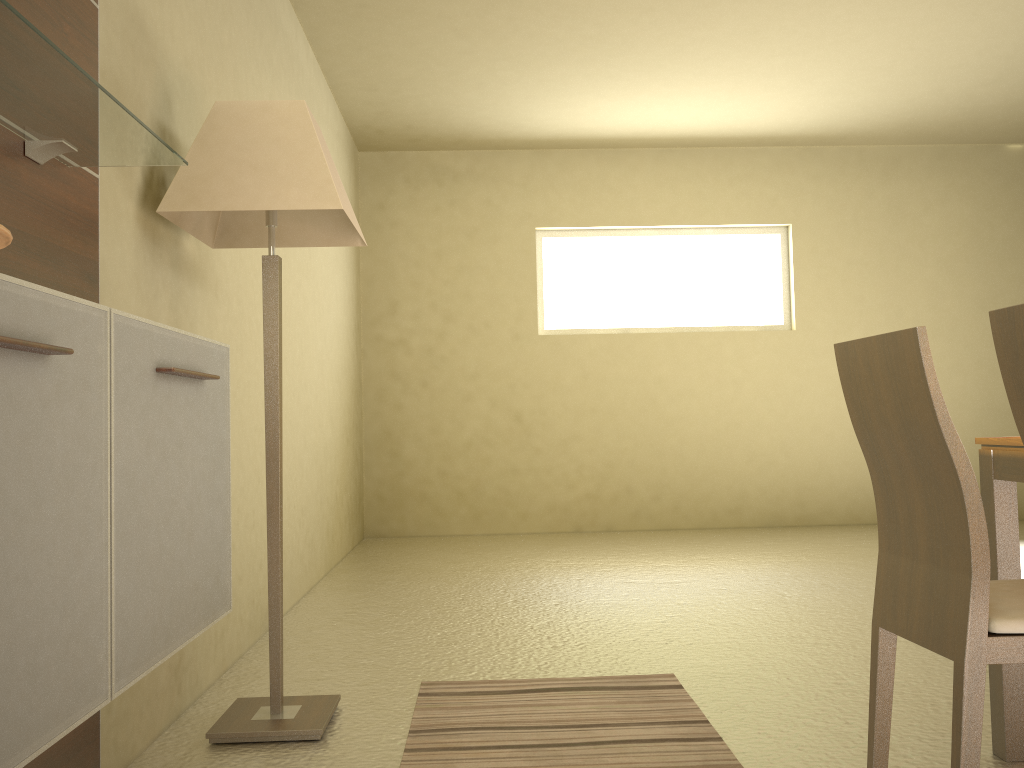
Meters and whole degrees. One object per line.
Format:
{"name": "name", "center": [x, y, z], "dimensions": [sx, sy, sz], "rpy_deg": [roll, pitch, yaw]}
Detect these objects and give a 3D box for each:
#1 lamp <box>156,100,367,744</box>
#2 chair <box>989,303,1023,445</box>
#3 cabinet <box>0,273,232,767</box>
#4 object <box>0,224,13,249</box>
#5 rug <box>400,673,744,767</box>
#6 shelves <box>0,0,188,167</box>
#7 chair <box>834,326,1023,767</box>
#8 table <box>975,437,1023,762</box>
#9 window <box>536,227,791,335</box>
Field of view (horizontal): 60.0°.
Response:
***
All lines from the one that contains "#1 lamp <box>156,100,367,744</box>" through the end of the listing above should be copied exactly, with nothing else.

#1 lamp <box>156,100,367,744</box>
#2 chair <box>989,303,1023,445</box>
#3 cabinet <box>0,273,232,767</box>
#4 object <box>0,224,13,249</box>
#5 rug <box>400,673,744,767</box>
#6 shelves <box>0,0,188,167</box>
#7 chair <box>834,326,1023,767</box>
#8 table <box>975,437,1023,762</box>
#9 window <box>536,227,791,335</box>
Field of view (horizontal): 60.0°.
Response:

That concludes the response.